Amy Louise Acker (born December 5, 1976) is an American actress. She is best known for starring as Winifred Burkle and Illyria on the supernatural drama series Angel (2001–2004), as Kelly Peyton on the action drama series Alias (2005–2006), and as Root on the science-fiction drama series Person of Interest (2012–2016). From 2017 to 2019, she starred as Caitlin Strucker on the superhero drama series The Gifted, based on Marvel Comics' X-Men.

Early life
Amy Louise Acker was born on December 5, 1976 and raised in Dallas, Texas, to a homemaker mother and a lawyer father. She studied ballet and modern dance for 14 years. She underwent knee surgery while in high school, ending her ballet career. Acker graduated from Lake Highlands High School in Dallas. She subsequently earned a bachelor's degree in theater from Southern Methodist University.

In her junior year of college, Acker modeled for the J. Crew catalog. She received a Bachelor of Fine Arts degree in the same year. She worked as a stage actress for several seasons, including a stint at American Players Theatre in Spring Green, Wisconsin.

Career
Acker made her major television debut when she starred as Winifred "Fred" Burkle in Angel (seasons 2–5), and also as the character of Illyria for part of the show's fifth and final season. She won the 2003 Saturn Award for Best Supporting Actress on Television for her portrayal.

Acker joined the cast of Alias in 2005 for its final season, playing villainess Kelly Peyton. Acker graduated from guest star to cast member as the show entered the final episodes in April and May 2006. Also in 2005, Acker provided voice acting for the character of Huntress on the animated series Justice League Unlimited. She went on to make a guest appearance on How I Met Your Mother, in which she was reunited with Angel co-star Alexis Denisof (the real-life husband of HIMYM star Alyson Hannigan), who had a recurring role on the show.

Acker portrayed Dr. Claire Saunders/Whiskey, a recurring character, on Joss Whedon's Dollhouse. She guest-starred in 10 of the 13 episodes of the first season and three episodes of the second.

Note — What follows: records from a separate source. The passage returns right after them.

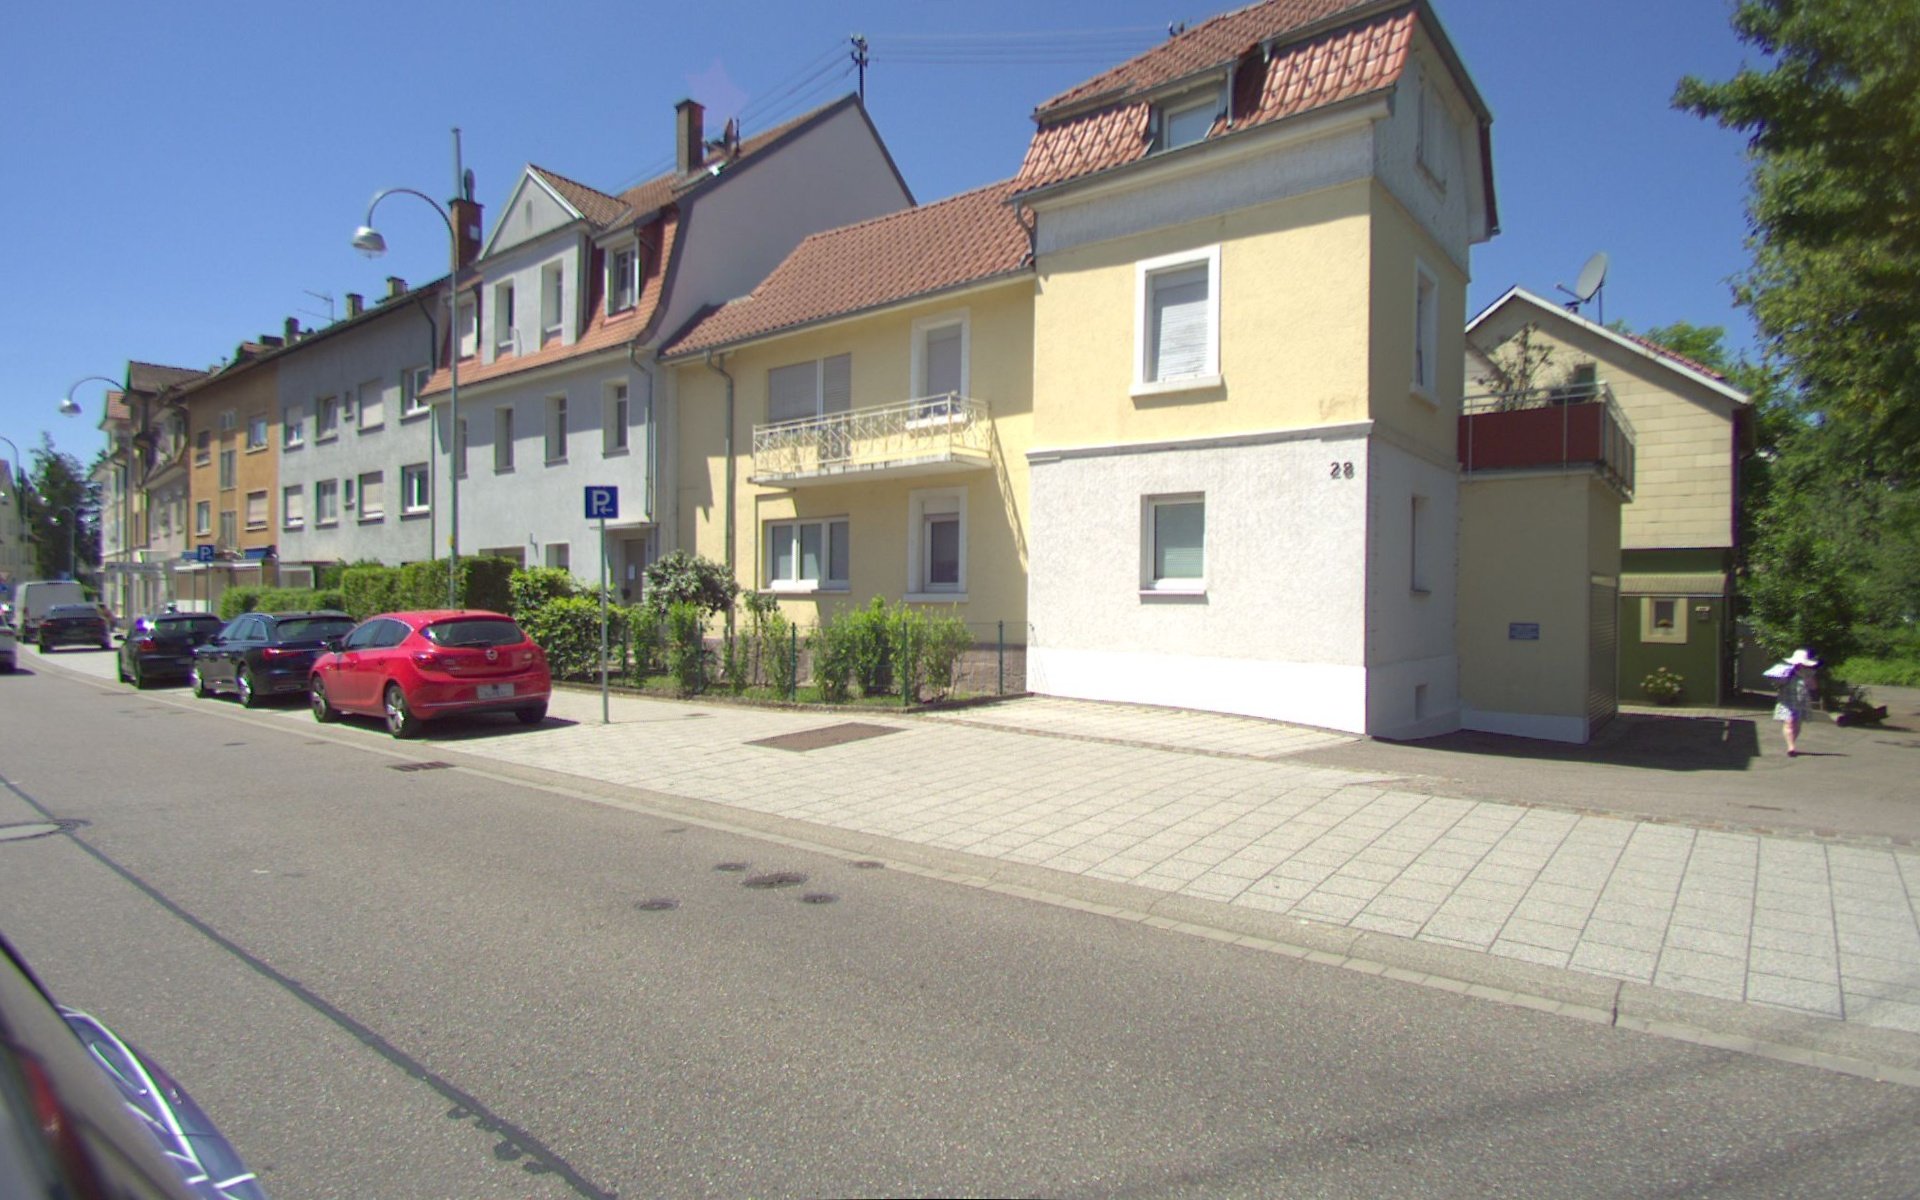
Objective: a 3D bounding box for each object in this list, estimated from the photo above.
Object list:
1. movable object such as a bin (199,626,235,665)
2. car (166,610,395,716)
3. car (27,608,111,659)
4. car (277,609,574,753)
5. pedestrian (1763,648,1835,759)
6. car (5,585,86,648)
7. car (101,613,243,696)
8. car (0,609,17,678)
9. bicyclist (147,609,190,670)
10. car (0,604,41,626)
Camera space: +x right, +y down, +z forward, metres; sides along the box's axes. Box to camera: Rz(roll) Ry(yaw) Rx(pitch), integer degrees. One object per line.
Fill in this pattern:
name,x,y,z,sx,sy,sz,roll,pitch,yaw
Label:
movable object such as a bin,-20.735,1.251,28.229,0.651,1.056,0.666,-1,-2,40
car,-11.652,0.970,17.185,5.303,1.472,1.844,-1,1,40
car,-31.189,1.115,35.552,2.059,1.627,5.117,-1,0,-40
car,-7.206,0.923,13.412,4.735,1.490,1.858,-1,2,41
pedestrian,12.219,1.475,14.742,0.739,1.515,0.898,-1,-2,44
car,-39.204,0.663,43.322,6.119,2.468,2.095,0,1,44
car,-16.547,1.057,21.171,4.199,1.470,1.768,-1,2,45
car,-24.641,1.027,24.833,4.359,1.609,1.857,-1,-2,43
bicyclist,-21.993,1.086,28.124,0.834,1.672,0.774,0,-1,39
car,-65.423,1.056,69.879,1.706,1.422,4.013,2,-2,-23

In 2010, Acker was a series regular in the ABC drama Happy Town, portraying the character Rachel Conroy. That same year, she starred in the season-one finale of the Fox series Human Target as the mysterious Katherine Walters. On May 25, 2010, she appeared on CBS's The Good Wife. She appeared in the horror movie The Cabin in the Woods, released April 13, 2012. In 2012, she made guest performances in Warehouse 13, Once Upon a Time, and Grimm. Also in 2012, she starred as Beatrice in Joss Whedon's film Much Ado About Nothing.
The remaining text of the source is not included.